By Raanan Geberer
Brooklyn Daily Eagle
The Smith-9th Streets station on the F and G lines – the world’s highest subway station and the rapid-transit gateway to Red Hook --is set to reopen the week of April 22 again after a two-year rehabilitation project.
The rehabilitation began in May 2011, in conjunction with the rebuilding of the crumbling Culver Viaduct, the term for the concrete elevated structure over the Gowanus Canal. Smith-9th Streets, opened in 1933, is one of only two elevated stations built as part of the old IND system, the other one being the neighboring Fourth Avenue-9th Street station.
The station reconstruction work included a new and expanded street-level fare-paying area (many longtime New Yorkers still call this a “token booth”), a new escalator system, new lighting and public address systems, and rehabilitated stairs and platforms.
Architectural details include new semi-circular guard railings bordering the open part of the station, rehabilitation of the original mosaic “Smith-9th St.” signs, and a 14-foot-tall mosaic installed as part of the MTA Arts for Transit program.
Due to the complexity of the job, the target date for completing the station rehab was postponed twice. It was originally supposed to be last spring, then was moved up to the fall, and finally to April.

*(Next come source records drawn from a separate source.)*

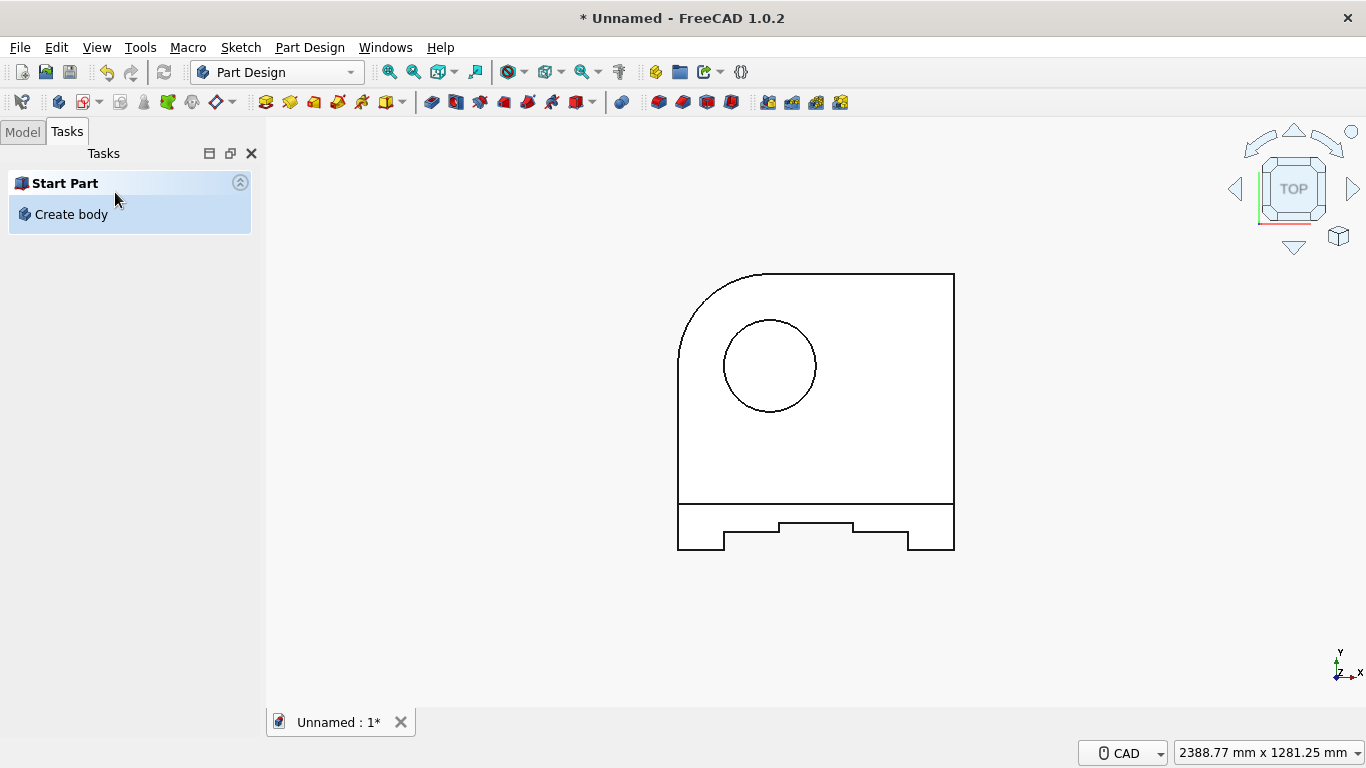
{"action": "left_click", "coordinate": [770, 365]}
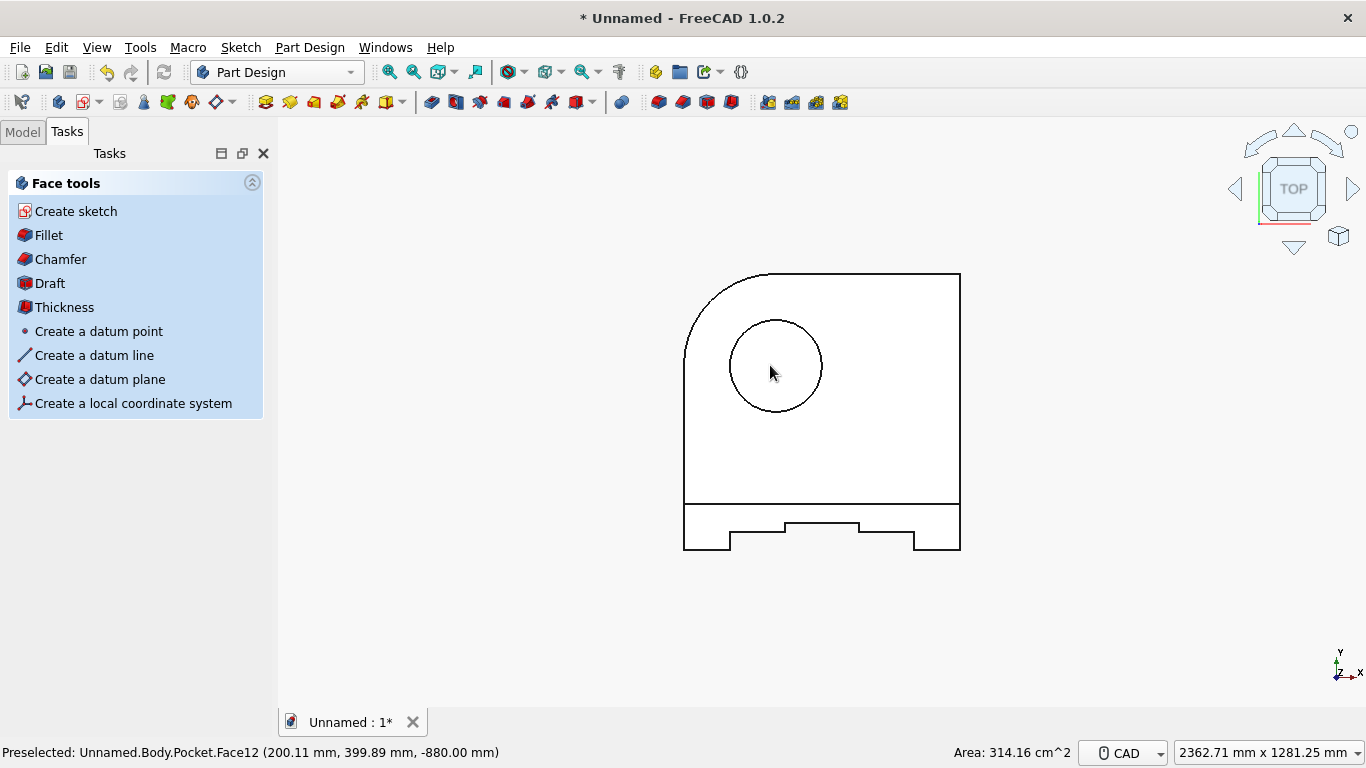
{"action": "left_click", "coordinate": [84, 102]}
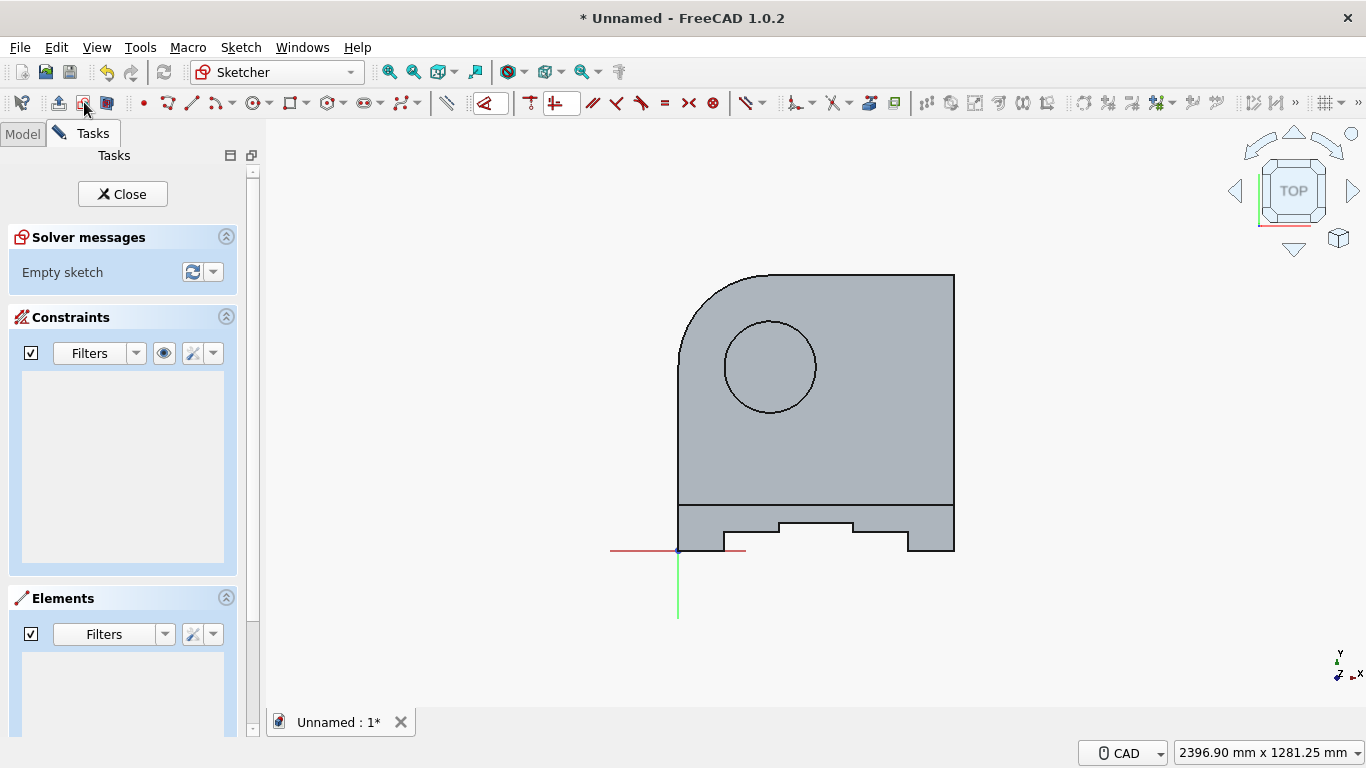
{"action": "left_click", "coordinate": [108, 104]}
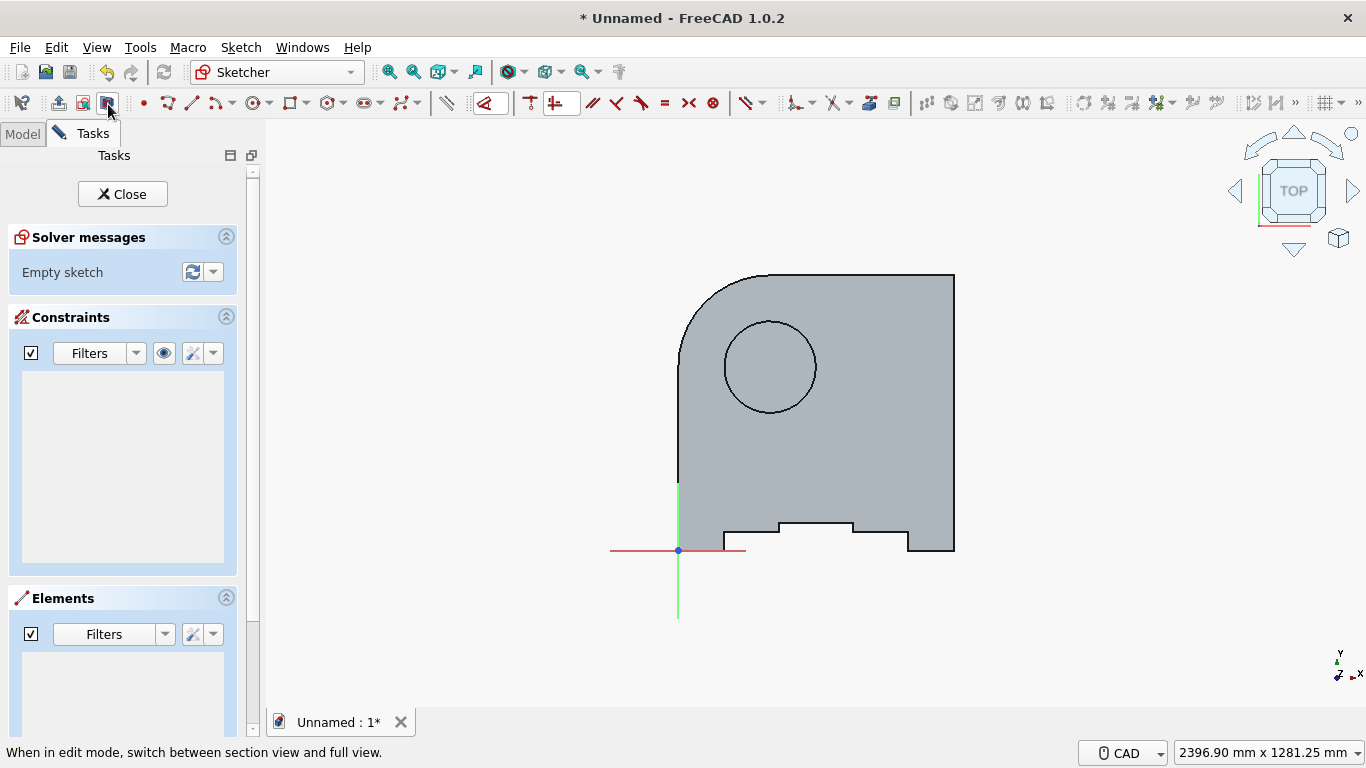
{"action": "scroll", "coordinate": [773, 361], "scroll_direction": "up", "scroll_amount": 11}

“This has been a long and complicated project but we are grateful for the community’s patience while we performed this necessary work. This station will be 80 years old this summer and this rehabilitation will see it reach that milestone with a much improved appearance and functionality,” said Thomas F. Prendergast, president of MTA New York City Transit and interim executive director of the MTA.
Before the rehabilitation project began, the overall viaduct was so dilapidated that the transit system had to install netting below the structure so that cars and pedestrians underneath wouldn’t be hit by falling chunks of concrete.
From the station’s platforms, passengers can see the skylines of Downtown Brooklyn and Manhattan as well as the huge, iconic “Kentile” sign, which advertised a long-defunct type of floor covering.
About 10 years ago, Borough President Marty Markowitz, calling for a repair of the station, said that if it was renovated, it could serve as a tourist attraction because of its views.